Dr. Juho Jalkanen: Yes, totally. It’s great that the Medicines and Healthcare products Regulatory Agency (MHRA) saw it exactly the same way as did the FDA. So it’s looking very good.
Proactive: At the same time, they’ve also said that the BEXMAB study can proceed in the UK. So really the green light to get going on it here?
Dr. Juho Jalkanen: Yes. And as you may know, the UK is like a second home for us. We’ve always felt very strongly about having this also available for UK patients. Since it’s looking so good, there may be something we could provide for those relapsed refractory Myelodysplastic Syndrome (r/r MDS) patients. So finally, there’s a good trial now ongoing in the UK for these patients, which is amazing.

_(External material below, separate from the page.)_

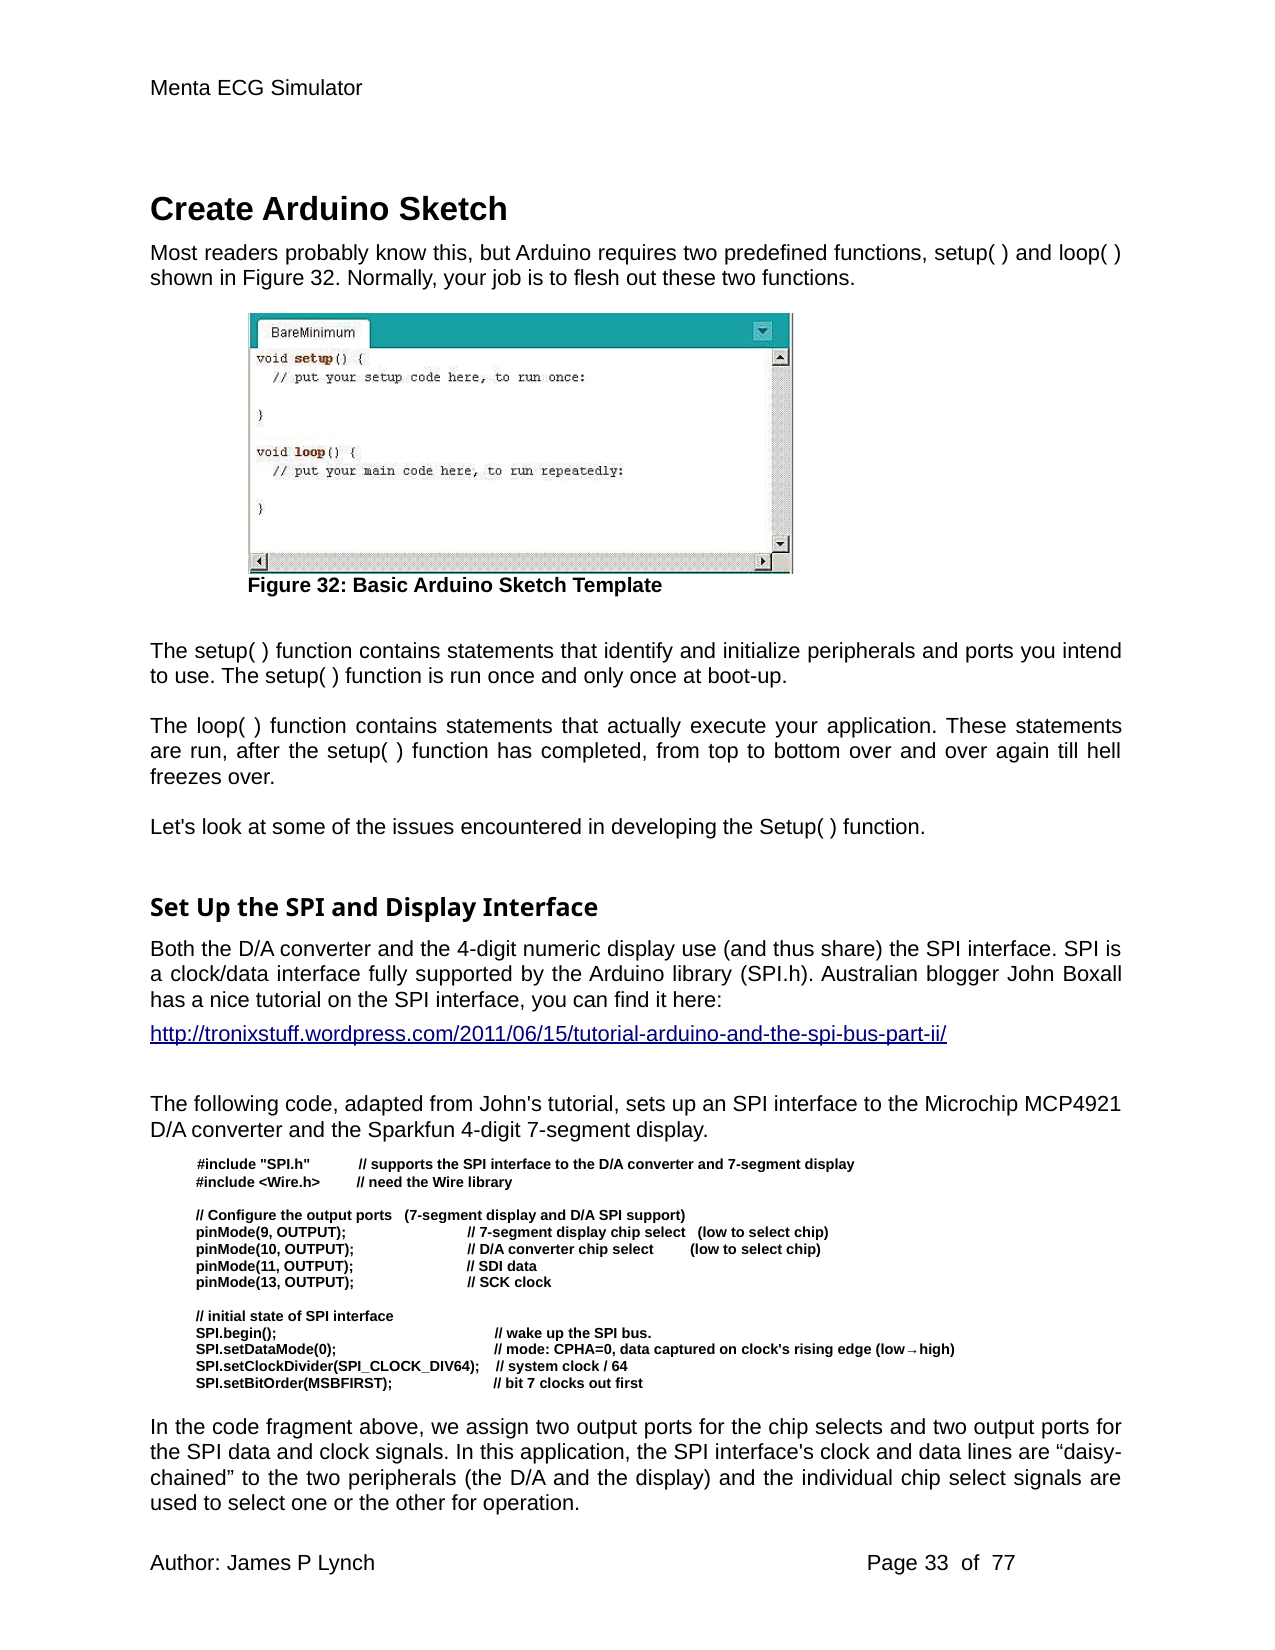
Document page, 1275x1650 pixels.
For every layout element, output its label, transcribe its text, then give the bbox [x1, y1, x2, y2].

Proactive: Juho, tell us more about the innovation passports and what it actually allows for you to proceed with?
Dr. Juho Jalkanen: So as you mentioned, it’s like a fast track designation. So we get regulatory support, we can have rolling submissions, more interaction with the MHRA, and possibly early access to the drug before full approval. A lot of good stuff, especially for the patients.
Proactive: Tell (WA:) us a little bit more about the program and what the next steps are now that you have this new fast track designation.
Dr. Juho Jalkanen: Well next, we’re actually going to talk with the MHRA about the Phase 3 study plan. So that’s up next with the MHRA under this program.
Proactive: And what is that Phase 3 study plan? What does it entail, Juho?
Dr. Juho Jalkanen: So it’s like with the FDA. The FDA said for the relapsed refractory population, a Phase 3 wouldn’t be needed, but a confirmatory Phase 3 should be run in the first line of high-risk MDS population. That study plan we’re going to go over with the MHRA to get their input on it as well, because we’re planning a global Phase 3.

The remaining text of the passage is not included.